[Exercise goal]
All of the records below are to be output exactly; no image belongs in the result.

Stored entries
● ● ●

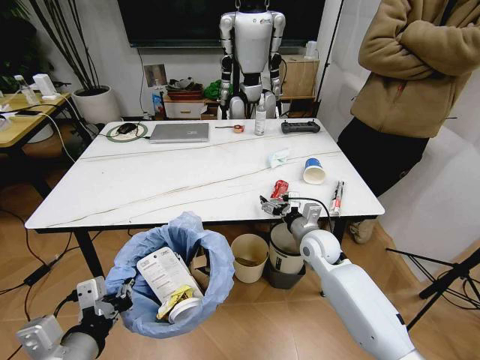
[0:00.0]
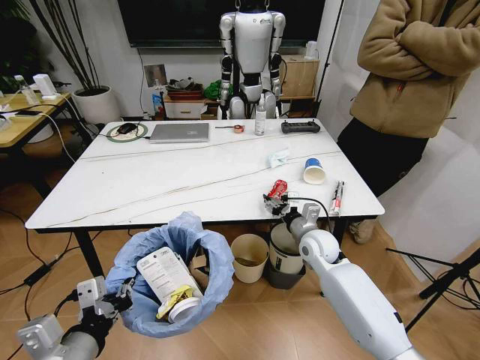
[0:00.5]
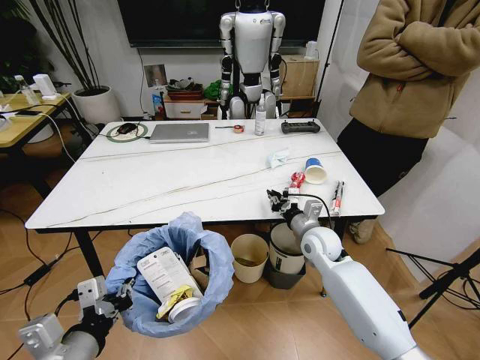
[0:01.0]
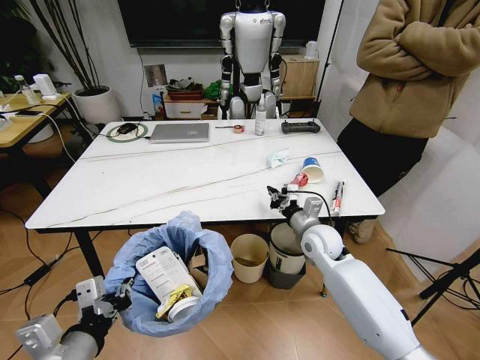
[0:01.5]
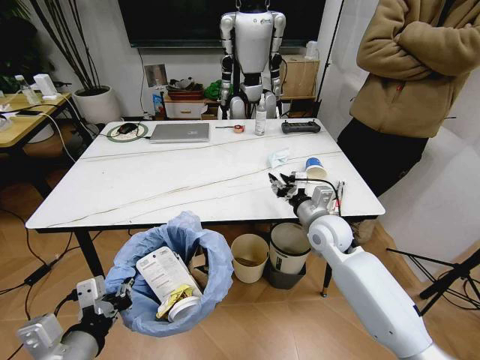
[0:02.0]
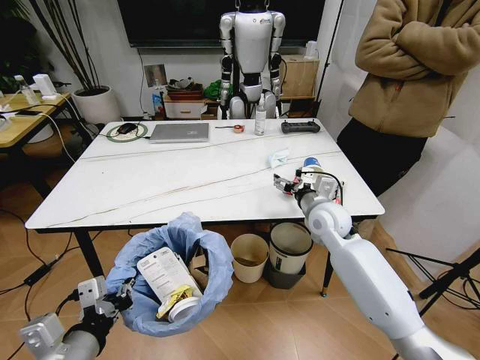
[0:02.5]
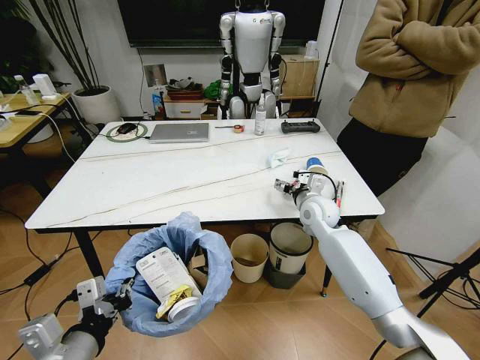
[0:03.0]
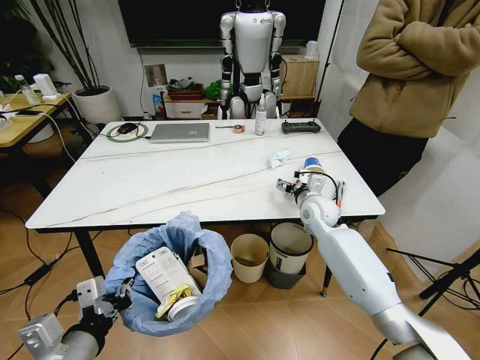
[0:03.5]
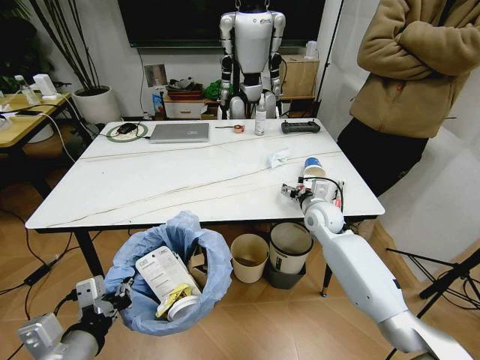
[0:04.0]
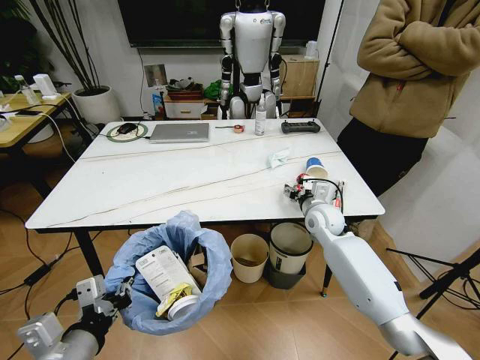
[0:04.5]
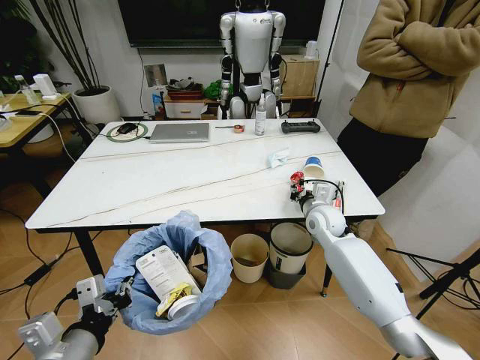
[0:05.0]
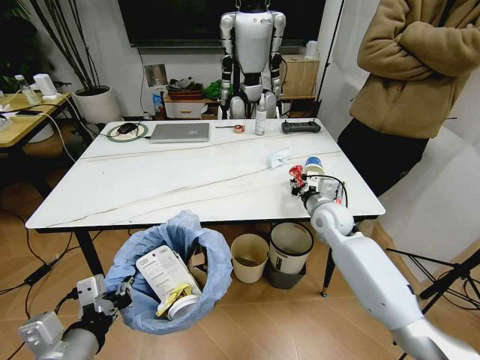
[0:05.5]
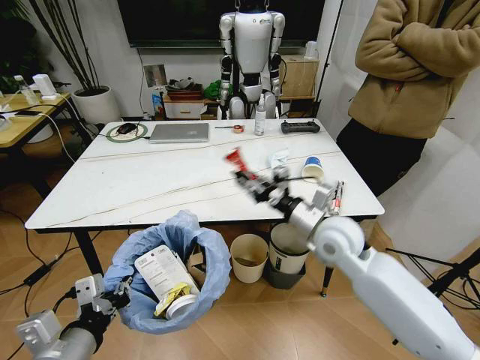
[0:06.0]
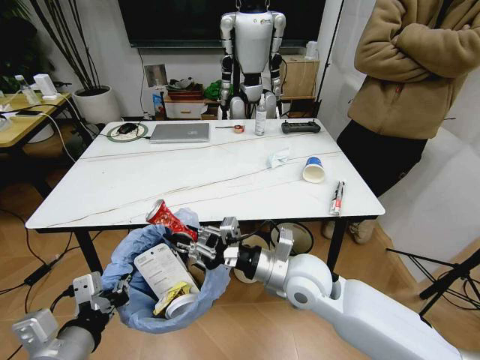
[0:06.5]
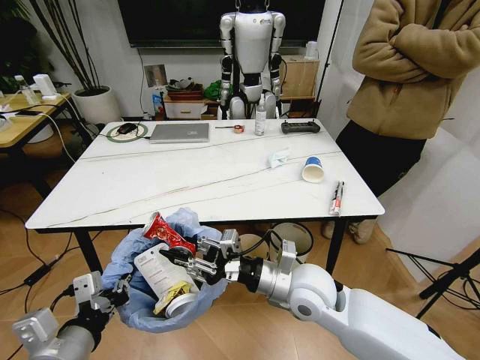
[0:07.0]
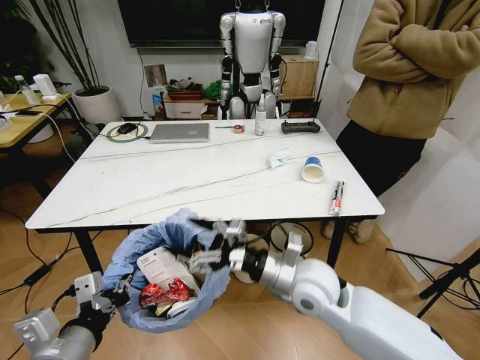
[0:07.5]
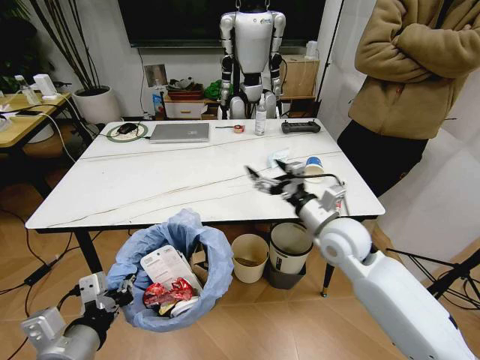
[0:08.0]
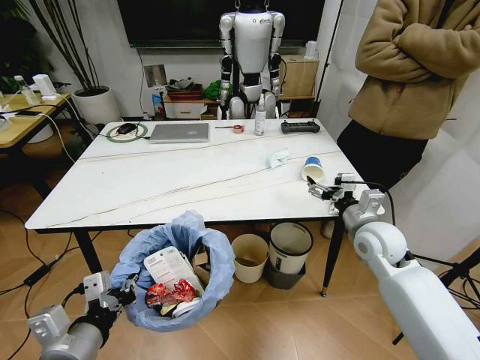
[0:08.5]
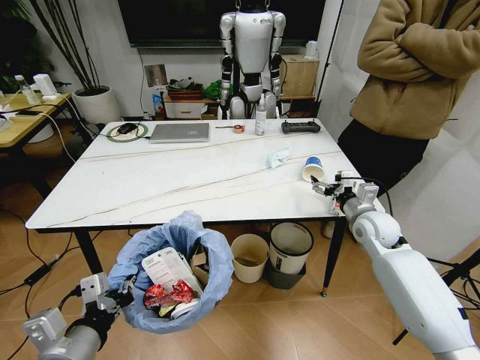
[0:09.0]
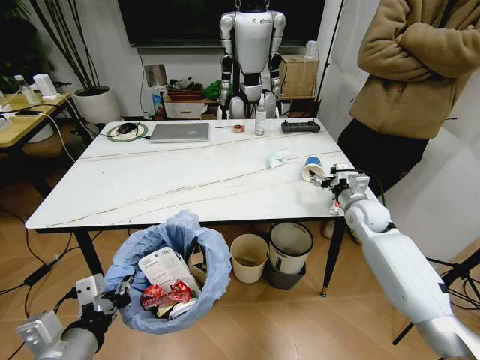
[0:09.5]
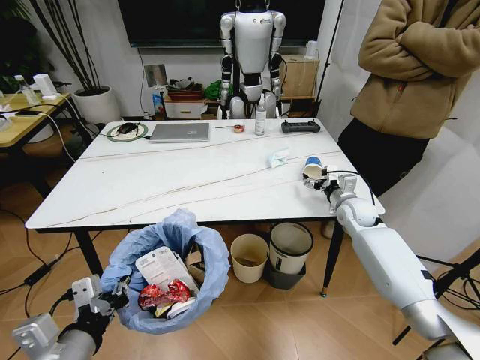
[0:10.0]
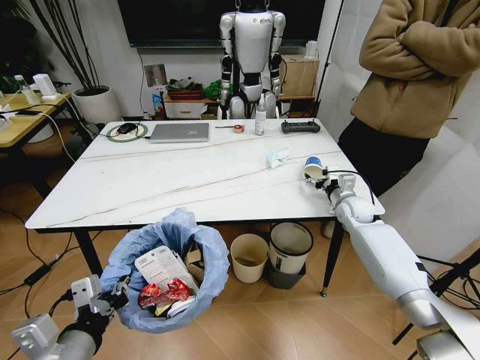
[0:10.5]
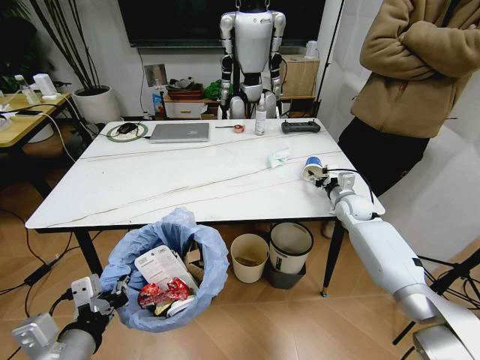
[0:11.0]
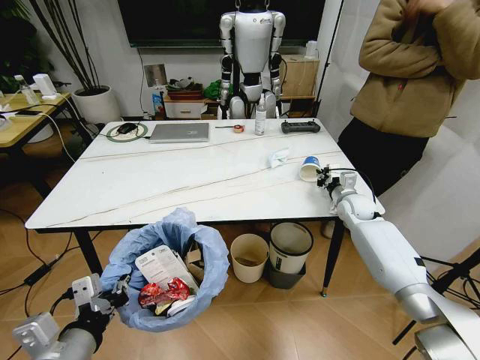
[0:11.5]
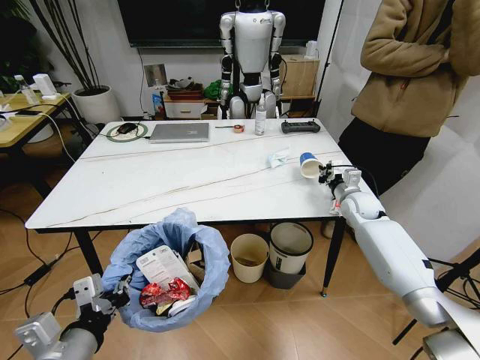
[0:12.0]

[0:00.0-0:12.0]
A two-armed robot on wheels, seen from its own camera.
Task of the whole recording: Pick up the trash bin and place the trash from the table into it.
0:00.0 to 0:02.0: The right gripper heads upward, covering approximately 5 cm, and closes.
0:02.0 to 0:04.0: The right gripper moves forward, about 5 cm, and opens up.
0:04.0 to 0:06.0: The right gripper shifts about 15 cm backward and upward, and closes up.
0:06.0 to 0:08.0: The right gripper moves roughly 5 cm to the left and comes back, and opens up.
0:08.0 to 0:10.0: The right gripper travels forward, to the right and downward by approximately 20 cm.
0:10.0 to 0:12.0: The right gripper closes up.

● ● ●

[Task solution]
[0:00.0]
[0:00.5]
[0:01.0]
[0:01.5]
[0:02.0]
[0:02.5]
[0:03.0]
[0:03.5]
[0:04.0]
[0:04.5]
[0:05.0]
[0:05.5]
[0:06.0]
[0:06.5]
[0:07.0]
[0:07.5]
[0:08.0]
[0:08.5]
[0:09.0]
[0:09.5]
[0:10.0]
[0:10.5]
[0:11.0]
[0:11.5]
[0:12.0]

[0:00.0-0:12.0]
A two-armed robot on wheels, seen from its own camera.
Task of the whole recording: Pick up the trash bin and place the trash from the table into it.
0:00.0 to 0:02.0: The right gripper heads upward, covering approximately 5 cm, and closes.
0:02.0 to 0:04.0: The right gripper moves forward, about 5 cm, and opens up.
0:04.0 to 0:06.0: The right gripper shifts about 15 cm backward and upward, and closes up.
0:06.0 to 0:08.0: The right gripper moves roughly 5 cm to the left and comes back, and opens up.
0:08.0 to 0:10.0: The right gripper travels forward, to the right and downward by approximately 20 cm.
0:10.0 to 0:12.0: The right gripper closes up.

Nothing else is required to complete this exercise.